* _GOAL OF THE EXERCISE_
When a line of the records below contains the string "copies", copy that whole line.

* _STUDY MATERIAL_
"""
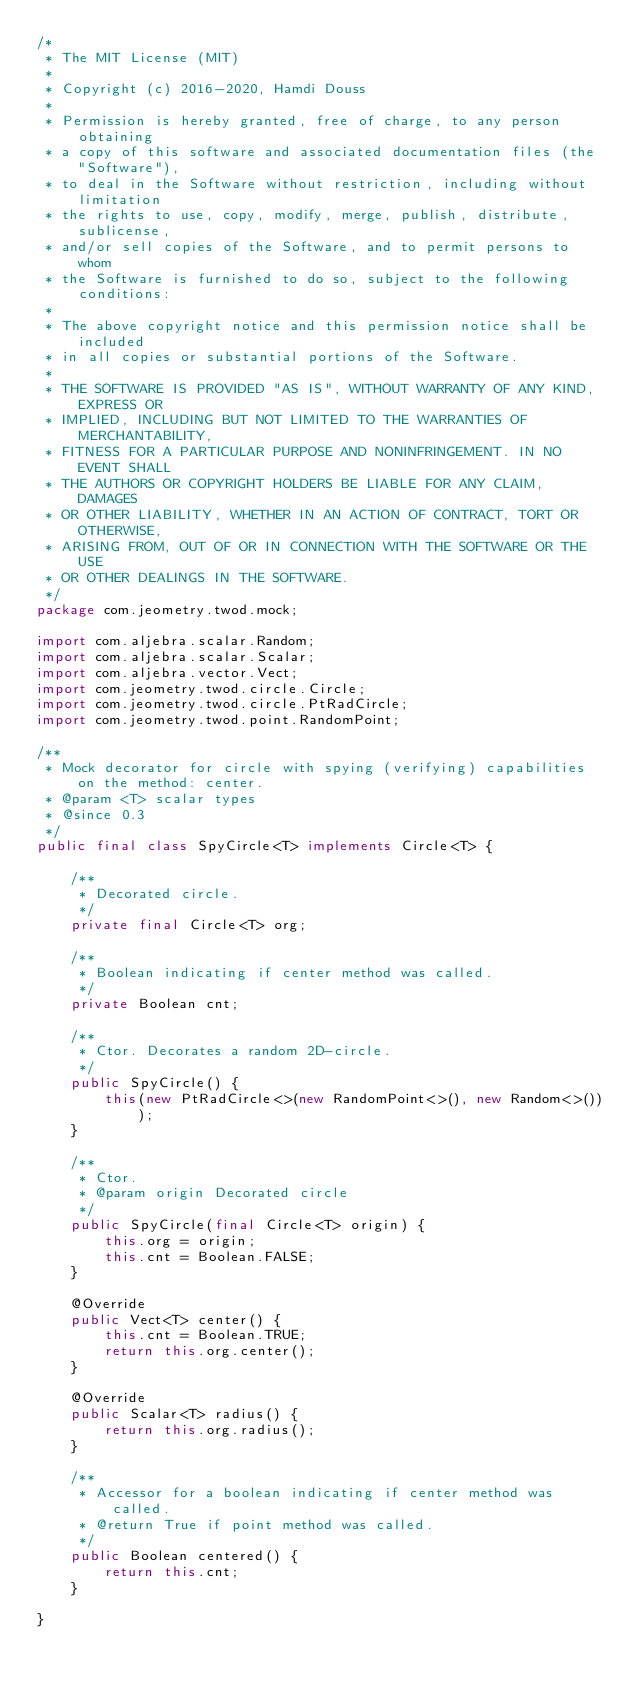Convert code to text. <code><loc_0><loc_0><loc_500><loc_500><_Java_>/*
 * The MIT License (MIT)
 *
 * Copyright (c) 2016-2020, Hamdi Douss
 *
 * Permission is hereby granted, free of charge, to any person obtaining
 * a copy of this software and associated documentation files (the "Software"),
 * to deal in the Software without restriction, including without limitation
 * the rights to use, copy, modify, merge, publish, distribute, sublicense,
 * and/or sell copies of the Software, and to permit persons to whom
 * the Software is furnished to do so, subject to the following conditions:
 *
 * The above copyright notice and this permission notice shall be included
 * in all copies or substantial portions of the Software.
 *
 * THE SOFTWARE IS PROVIDED "AS IS", WITHOUT WARRANTY OF ANY KIND, EXPRESS OR
 * IMPLIED, INCLUDING BUT NOT LIMITED TO THE WARRANTIES OF MERCHANTABILITY,
 * FITNESS FOR A PARTICULAR PURPOSE AND NONINFRINGEMENT. IN NO EVENT SHALL
 * THE AUTHORS OR COPYRIGHT HOLDERS BE LIABLE FOR ANY CLAIM, DAMAGES
 * OR OTHER LIABILITY, WHETHER IN AN ACTION OF CONTRACT, TORT OR OTHERWISE,
 * ARISING FROM, OUT OF OR IN CONNECTION WITH THE SOFTWARE OR THE USE
 * OR OTHER DEALINGS IN THE SOFTWARE.
 */
package com.jeometry.twod.mock;

import com.aljebra.scalar.Random;
import com.aljebra.scalar.Scalar;
import com.aljebra.vector.Vect;
import com.jeometry.twod.circle.Circle;
import com.jeometry.twod.circle.PtRadCircle;
import com.jeometry.twod.point.RandomPoint;

/**
 * Mock decorator for circle with spying (verifying) capabilities on the method: center.
 * @param <T> scalar types
 * @since 0.3
 */
public final class SpyCircle<T> implements Circle<T> {

    /**
     * Decorated circle.
     */
    private final Circle<T> org;

    /**
     * Boolean indicating if center method was called.
     */
    private Boolean cnt;

    /**
     * Ctor. Decorates a random 2D-circle.
     */
    public SpyCircle() {
        this(new PtRadCircle<>(new RandomPoint<>(), new Random<>()));
    }

    /**
     * Ctor.
     * @param origin Decorated circle
     */
    public SpyCircle(final Circle<T> origin) {
        this.org = origin;
        this.cnt = Boolean.FALSE;
    }

    @Override
    public Vect<T> center() {
        this.cnt = Boolean.TRUE;
        return this.org.center();
    }

    @Override
    public Scalar<T> radius() {
        return this.org.radius();
    }

    /**
     * Accessor for a boolean indicating if center method was called.
     * @return True if point method was called.
     */
    public Boolean centered() {
        return this.cnt;
    }

}
</code>
"""
* _RESPONSE TO THE TASK_
 * and/or sell copies of the Software, and to permit persons to whom
 * in all copies or substantial portions of the Software.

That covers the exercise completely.